|Elvis met The Wizard of Oz in this animated fantasy from director Don Bluth. The ex-Disney animator left his old studio in the late 1970’s to make his own features, including The Secret of NIMH, An American Tail, The Land Before Time and this 1992 rockabilly musical, Rock-A-Doodle.
The movie’s Elvis quotient is supplied by a rooster named Chanticleer, who believes his crowing causes the sun to rise. When Chanticleer fails to crow on time and the sun rises anyway, the humiliated rooster packs up and leaves the farm. Unfortunately, Chanticleer’s departure leaves the farm in a state of perpetual darkness and rain.
This suits the purposes of a crafty owl called the Grand Duke, who prefers the night life anyway. Meanwhile, in a live-action frame story, a boy named Edmond is troubled by heavy flooding near his own farm home. After hearing the story of Chanticleer, the boy determines the only way to save his family is to bring back the rooster. The Grand Duke, overhearing the plan, turns the boy into a small white kitten, hoping to impede his journey.
Instead, kitty Edmond hooks up with a trio of farm animals—dog Patou, mouse Peepers and magpie Snipes—to accompany him to the Big City. The farm gang finally locates the missing fowl, but Chanticleer has now become “The King,” a rockabilly star complete with bodyguards, a groupie girlfriend and a southern-fried manager named Pinky. Forget getting him back to the farm; they’ll be lucky just to get past his entourage.

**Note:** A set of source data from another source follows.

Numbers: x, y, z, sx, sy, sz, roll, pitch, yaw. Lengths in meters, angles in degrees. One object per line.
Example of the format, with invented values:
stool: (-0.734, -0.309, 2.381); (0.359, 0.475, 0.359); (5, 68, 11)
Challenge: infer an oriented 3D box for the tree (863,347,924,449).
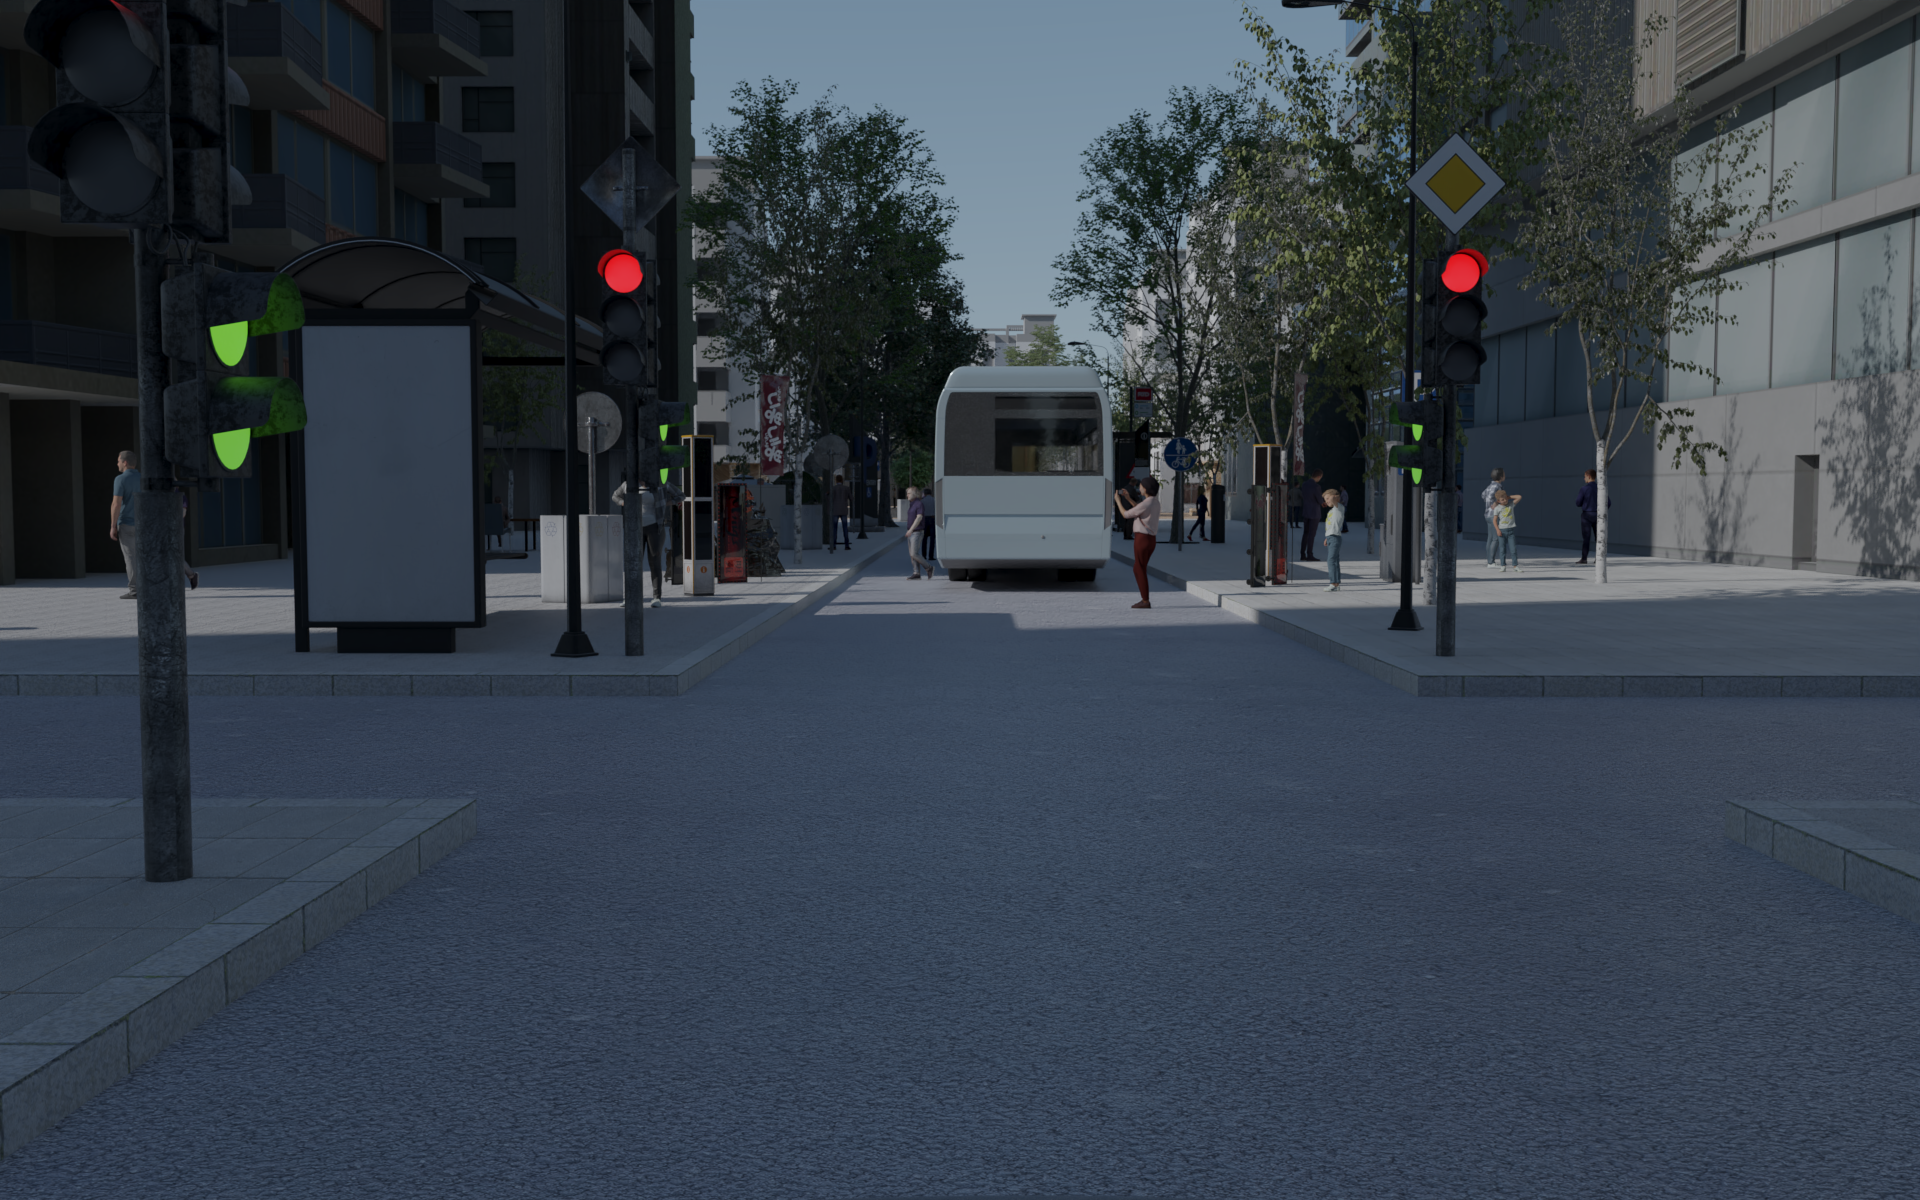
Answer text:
tree: (-3.178, -8.813, 78.506); (8.767, 10.594, 7.601); (0, 4, 6)

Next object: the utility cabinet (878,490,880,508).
utility cabinet: (-4.234, -4.692, 85.391); (0.318, 1.500, 1.173); (-1, 4, -20)

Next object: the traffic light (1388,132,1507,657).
traffic light: (3.831, -1.511, 13.623); (0.839, 4.253, 0.868); (0, 4, 0)

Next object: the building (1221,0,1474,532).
building: (24.537, -46.402, 71.340); (22.319, 86.520, 31.000); (0, 4, 0)

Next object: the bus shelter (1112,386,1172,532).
bus shelter: (6.111, -5.179, 62.304); (2.179, 5.291, 8.768); (0, 4, 1)

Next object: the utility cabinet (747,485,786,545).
utility cabinet: (-4.799, -2.025, 41.783); (1.173, 1.500, 0.318); (0, 4, -8)

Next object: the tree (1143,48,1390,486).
tree: (5.413, -4.831, 29.350); (4.360, 8.622, 3.978); (0, 3, 0)

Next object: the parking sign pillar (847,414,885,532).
parking sign pillar: (-3.263, -4.294, 58.673); (1.447, 3.967, 1.447); (2, 4, 25)

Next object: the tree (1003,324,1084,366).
tree: (5.493, -12.074, 115.532); (7.486, 12.596, 7.792); (0, 3, 0)

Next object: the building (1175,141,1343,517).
building: (21.139, -14.815, 98.648); (16.016, 20.091, 11.380); (0, 4, 0)

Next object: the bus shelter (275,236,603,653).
bus shelter: (-4.611, -1.375, 16.404); (2.014, 3.302, 5.546); (0, 4, 0)

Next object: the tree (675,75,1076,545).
tree: (-3.484, -7.225, 43.888); (9.928, 11.665, 9.643); (0, 3, 0)

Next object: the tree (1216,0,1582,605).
tree: (5.209, -4.244, 19.751); (4.737, 8.622, 4.395); (0, 3, 0)

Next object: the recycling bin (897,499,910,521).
recycling bin: (-2.544, -4.230, 81.719); (0.722, 1.027, 0.722); (-1, 4, -11)

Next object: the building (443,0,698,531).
building: (-18.085, -17.958, 65.322); (14.160, 30.474, 14.107); (0, 4, 0)

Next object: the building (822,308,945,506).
building: (-17.561, -21.435, 194.430); (32.646, 21.610, 27.936); (0, 4, 0)

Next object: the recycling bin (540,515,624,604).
recycling bin: (-4.502, -0.495, 20.651); (0.722, 1.027, 0.722); (1, 4, 23)

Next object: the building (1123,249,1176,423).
building: (21.424, -17.309, 139.426); (16.016, 20.091, 11.380); (0, 4, 0)

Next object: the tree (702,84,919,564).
tree: (-2.985, -4.989, 31.933); (4.360, 8.622, 3.978); (0, 3, 0)

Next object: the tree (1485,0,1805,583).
tree: (9.242, -4.532, 24.454); (4.360, 8.622, 3.978); (0, 3, 0)

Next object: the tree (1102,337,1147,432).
tree: (7.966, -7.940, 80.185); (4.737, 8.622, 4.395); (0, 3, 0)

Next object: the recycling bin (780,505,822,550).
recycling bin: (-3.678, -1.688, 40.154); (0.722, 1.027, 0.722); (3, 5, 41)

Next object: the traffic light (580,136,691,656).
traffic light: (-2.570, -1.513, 13.651); (0.839, 4.253, 0.868); (0, 4, 0)

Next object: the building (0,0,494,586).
building: (-22.928, -23.294, 35.486); (22.147, 44.769, 28.867); (0, 4, 0)

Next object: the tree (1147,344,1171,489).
tree: (9.683, -7.081, 66.134); (4.737, 8.622, 4.395); (0, 3, 0)

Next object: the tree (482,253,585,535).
tree: (-13.886, -6.323, 53.739); (4.737, 8.622, 4.395); (0, 3, 0)

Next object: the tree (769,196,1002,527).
tree: (-2.815, -9.169, 66.922); (9.611, 12.733, 9.660); (0, 3, 0)

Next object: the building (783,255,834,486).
building: (-18.540, -17.042, 135.052); (16.016, 20.091, 11.380); (0, 4, 0)

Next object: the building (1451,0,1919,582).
building: (26.346, -27.164, 33.375); (27.495, 52.752, 28.713); (0, 4, 0)

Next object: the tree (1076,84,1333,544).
tree: (5.716, -7.257, 44.406); (9.928, 11.665, 9.643); (0, 3, 0)

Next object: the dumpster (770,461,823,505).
dumpster: (-4.779, -2.976, 51.156); (1.502, 2.255, 1.985); (0, 4, 0)

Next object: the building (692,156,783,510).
building: (-18.581, -14.599, 95.110); (16.016, 20.091, 11.380); (0, 4, 0)

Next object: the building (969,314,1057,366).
building: (4.496, -20.321, 188.667); (11.380, 20.091, 16.016); (0, 4, 0)

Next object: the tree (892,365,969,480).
tree: (-2.406, -15.204, 155.237); (9.857, 13.997, 8.962); (0, 3, 0)

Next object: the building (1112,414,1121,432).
building: (24.190, -14.823, 184.508); (28.070, 9.664, 9.099); (0, 4, 0)

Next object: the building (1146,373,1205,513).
building: (18.460, -10.883, 120.078); (9.099, 9.664, 28.070); (0, 4, 0)

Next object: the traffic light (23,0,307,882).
traffic light: (-2.626, -1.024, 5.667); (0.839, 4.253, 0.868); (0, 4, 0)

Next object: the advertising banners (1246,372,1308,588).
advertising banners: (4.509, -1.728, 24.441); (0.090, 3.025, 2.074); (2, 4, 33)

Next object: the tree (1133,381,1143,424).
tree: (9.361, -7.534, 73.545); (4.360, 8.622, 3.978); (0, 3, 0)

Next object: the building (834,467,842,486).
building: (-16.161, -17.929, 149.555); (11.380, 20.091, 16.016); (0, 4, 0)

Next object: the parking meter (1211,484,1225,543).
parking meter: (6.728, -2.247, 45.151); (0.372, 1.533, 0.369); (0, 3, 0)

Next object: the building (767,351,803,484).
building: (-14.878, -10.612, 115.657); (9.099, 9.664, 28.070); (0, 4, 0)

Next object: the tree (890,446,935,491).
tree: (-2.919, -7.664, 109.025); (4.285, 4.588, 4.351); (0, 3, 0)

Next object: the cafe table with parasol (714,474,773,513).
cafe table with parasol: (-7.263, -3.243, 57.885); (2.610, 1.966, 2.610); (2, 4, 32)

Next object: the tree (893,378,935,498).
tree: (-1.810, -13.764, 143.166); (7.486, 12.596, 7.792); (0, 3, 0)

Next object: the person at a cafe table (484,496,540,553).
person at a cafe table: (-10.156, -1.689, 38.482); (1.698, 1.238, 1.726); (0, 4, 0)

Pop/country star Glen Campbell provided the voice of Chanticleer/”The King,” headlining a voice ensemble that included Christopher Plummer, Phil Harris, Sandy Duncan, Eddie Deezen, Sorrell Booke (TV’s “Boss Hogg”) and Charles Nelson Reilly. While not as successful as Bluth’s earlier films, Rock-A-Doodle was still a rocking good time for the kiddies, and that’s more than most roosters accomplish in a lifetime.